アデルはアデルで、自分の採掘や帰還の準備があるのだろう。
フェンス際に駐車された車のそばへ、岩塊を運んでいく。
すぐに鑑定するべく、ゴーグルのお姉さんが近づいてきた。
「ようやくお帰りかい。あんた、戦いをやめたらこっちにおいで。稼げるよ」
「考えとくよ。じゃ、お願い」
機材片手に始まる簡易な鑑定。
結果、有望なのは全部で10近い岩塊と、小さめの1つの原石となった。
これぐらいなら入りそうなので、そのままコンテナへと積み込んでいく。
詰み終わった後に移動するトラックについていくと、他にも出入りが激しい大きな建物が見えてきた。

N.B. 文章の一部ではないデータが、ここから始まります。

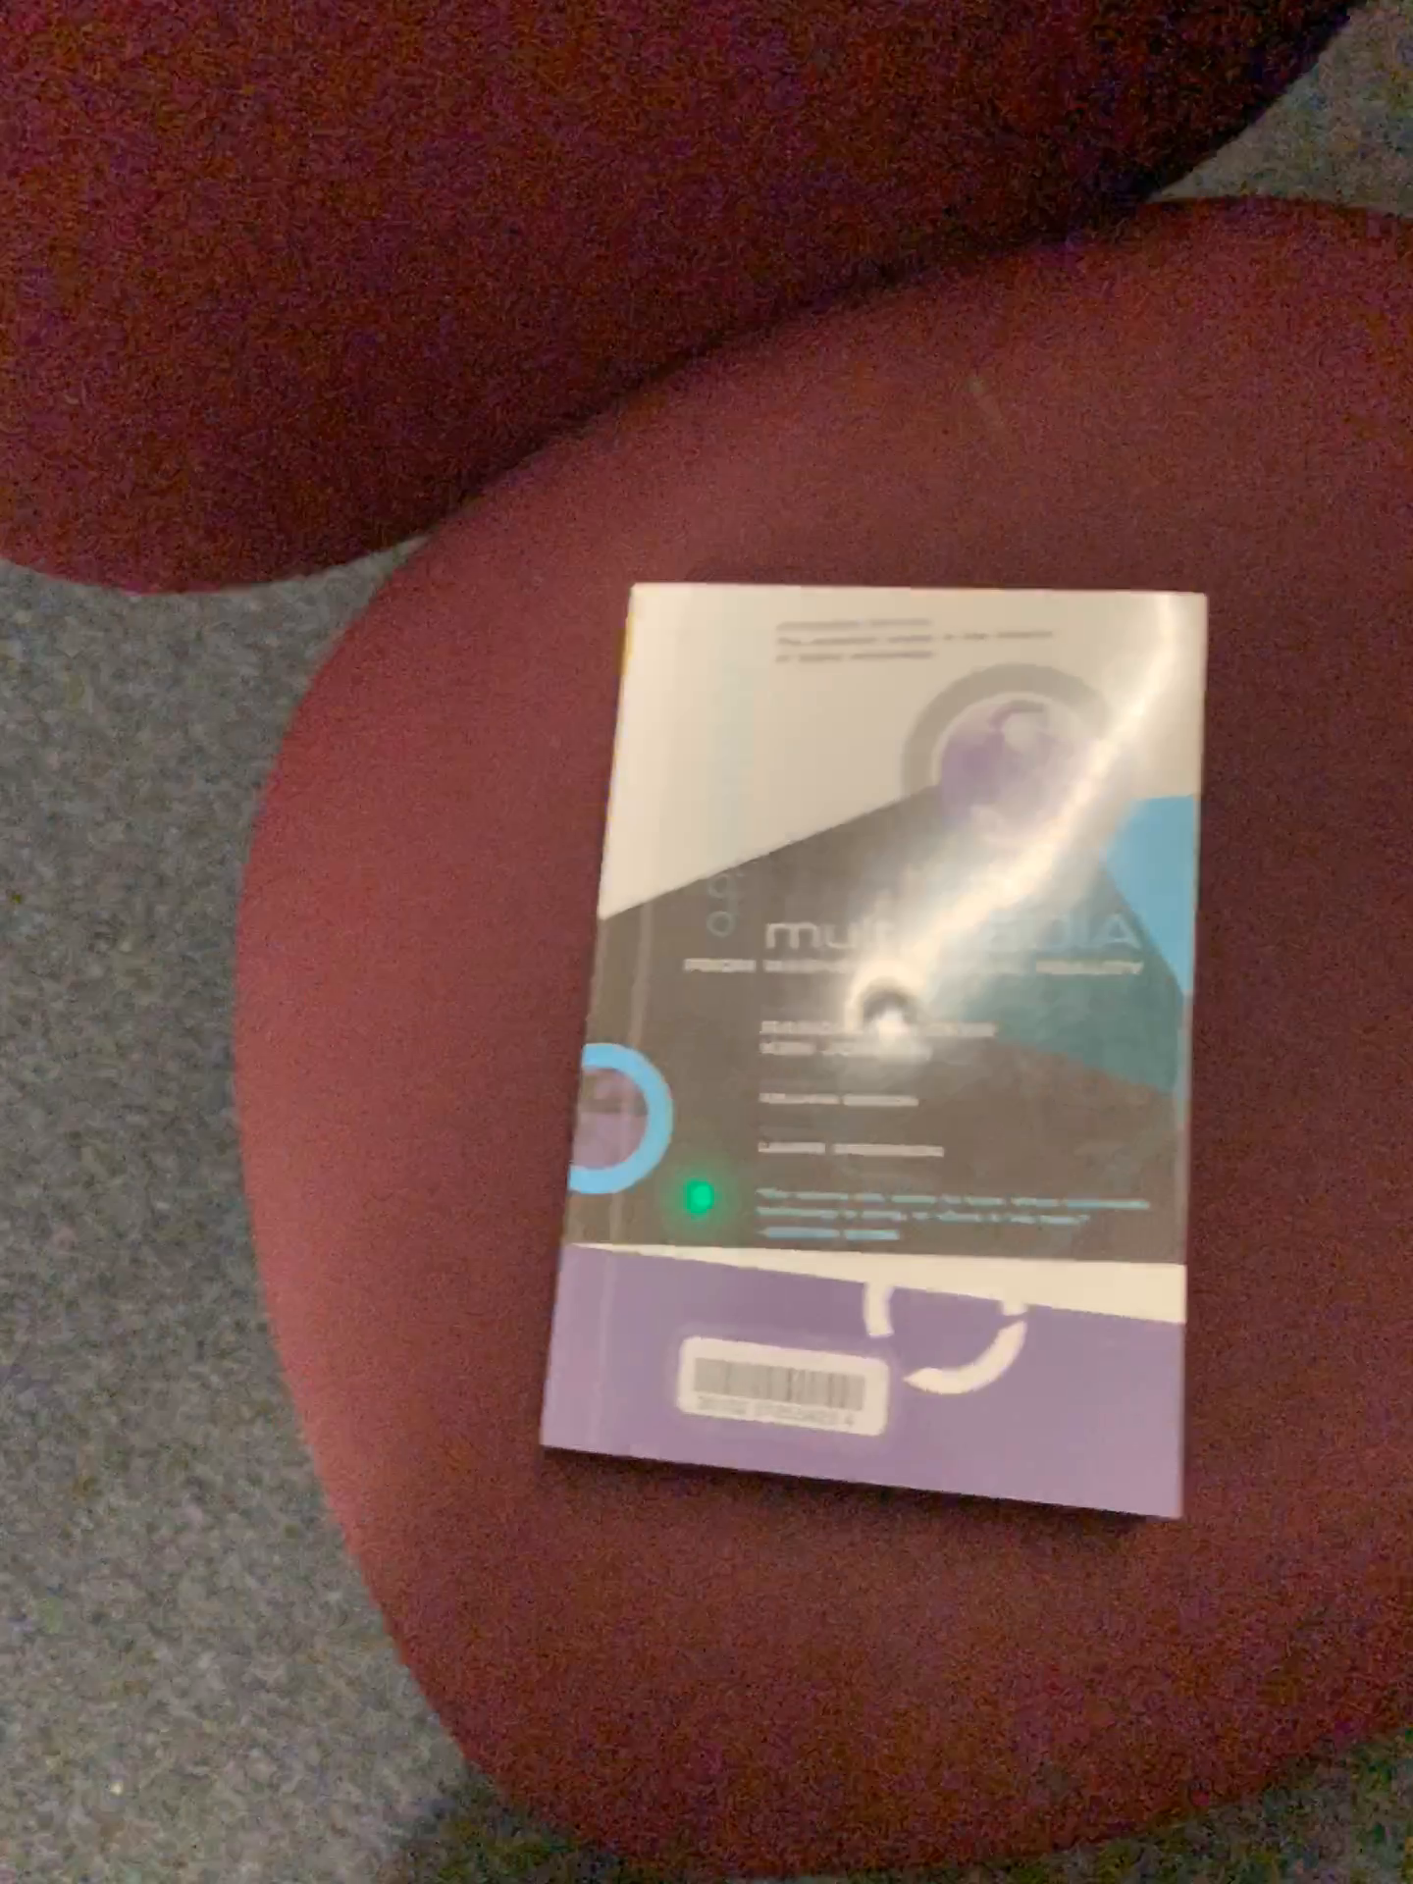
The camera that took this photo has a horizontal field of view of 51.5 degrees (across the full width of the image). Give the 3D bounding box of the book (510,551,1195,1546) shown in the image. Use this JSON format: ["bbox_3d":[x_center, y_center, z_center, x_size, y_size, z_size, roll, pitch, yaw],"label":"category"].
[{"bbox_3d":[0.043,0.018,0.395,0.160,0.040,0.248,3,78,10],"label":"book"}]
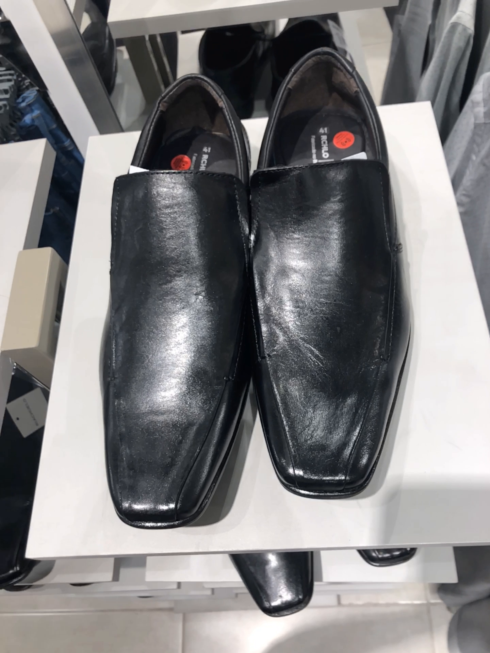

仮設なのか、こだわりがないのか、どこか簡易的な造り。
『どうやらここがメインの倉庫らしいな。あんなに積みあがっている』
「あんなにコンテナが……もしかして、輸送先はコランダムコロニーだけじゃないのかな?」
あのコンテナ1つ1つが、それぞれの生活の糧となる。
そのことが、どこか面白く感じるのだった。
「あれ……アデル?」
お嬢様がトラックを止めた先で、見覚えのあるMMWが数機。
その足元では、これまた見覚えのある男、アデルが誰かと何かしらを話している。
俺もMMWから降り、手を振って近づくと、相手も気が付いたようだ。
「ちょうどよかった。実はな、ここで正式に採掘とするときと買取をしてもらうには、予約が必要なのだ。そうでなければ、無秩序に掘る輩であふれるからな」
「そうなんだ。でも、俺そんなことしてないけど?」
誘われるままにきて、言われるままに……ああ、なるほど。
何気に面倒見のいいアデルのことだ、先ほど話していたのも、それ関係なのだろう。
「問題ない。採掘のほうは、俺たちの一員として入れてある。買取はまとめてだと困るだろう? 個別にやってもらうように頼んだところだ。俺はあの青い場所、お前はあっちの黄色い場所だ。さあ、運び込め」
『俺の記憶より、かなり気安い感じだな……何が違ったのか。気にしても仕方ないが』
プレストンの感想を聞きながら、アデルに頭を下げ、MMWに戻る。
そうしてお嬢様の運転するトラックと共に、鑑定場所へと移動。
どんどんと運び込んでもらう。
鑑定にはしばらく時間が必要らしく、暇になることが確定した。
泊まり込みで掘る人も多いというのが、よくわかった。
「どうしましょうね、セイヤ」
「俺はお嬢様にお任せするよ。主従なんだから」
どこか楽しそうなお嬢様。
ここには、闘技場のうるさい連中はいない。
無理に言葉遣いを直す必要もない環境が、お互い解放された気分にさせるのだろうか?
でも、2人の目的のためには、戻らないといけないのだ。
「そう、ですね。では先達に聞いてみましょう。いい暇つぶしを知っていると思います」
「それいいね。よし、さっそく聞いてみよう」
お嬢様のいう先達とは、当然アデル。
彼らの成果が運び込まれているはずの青い場所へ。
すると、なぜか彼らの機体も当然のようにそこにいた。
コックピットから見える顔は、どこか楽しそうだ。
なるほど、俺たちが来ることを予想していたか?
『彼らにしてみれば、いつものことなんだろう』
(そりゃそうか……)
あっという間の再会。
俺が何か言うより早く、アデルがどこかを指さした。
「向こうに、ちょっとした広場がある。普段使われていない駐車場のような場所だ。そこで動きを見てやろう」
「本当に? 高くつくと思うんだけど……現役トップランカーの講義なんてさ」
「問題ない。あいつらもこうしてスカウトしたんだからな」
アデルが振り替える先には、少しあきれた様子の男女。
4人いるということは、後4人は臨時だったのだろうか。
彼らは彼らで、自主練をするらしい。
つまり、俺とアデルが1対1。
コロニーでやろうとしたら、とんでもないお金がとられるはずだ。
「じゃあお言葉に甘えて」
「うむ。グランデールの娘よ。お前も今後、試合でオペレータをする機会が来る。今のうちによく見ておけ」
「は、はいっ!」
そうして誘われるままに、その広間へと向かい、MMWで向き合う。
いったいどんなことをするのか……楽しみだ。
「よし、まずは歩いてみろ。ただ歩かせろ。ただし、手元は見るな」
……ちょっとだけ、変なことになりそうな気がするのだった。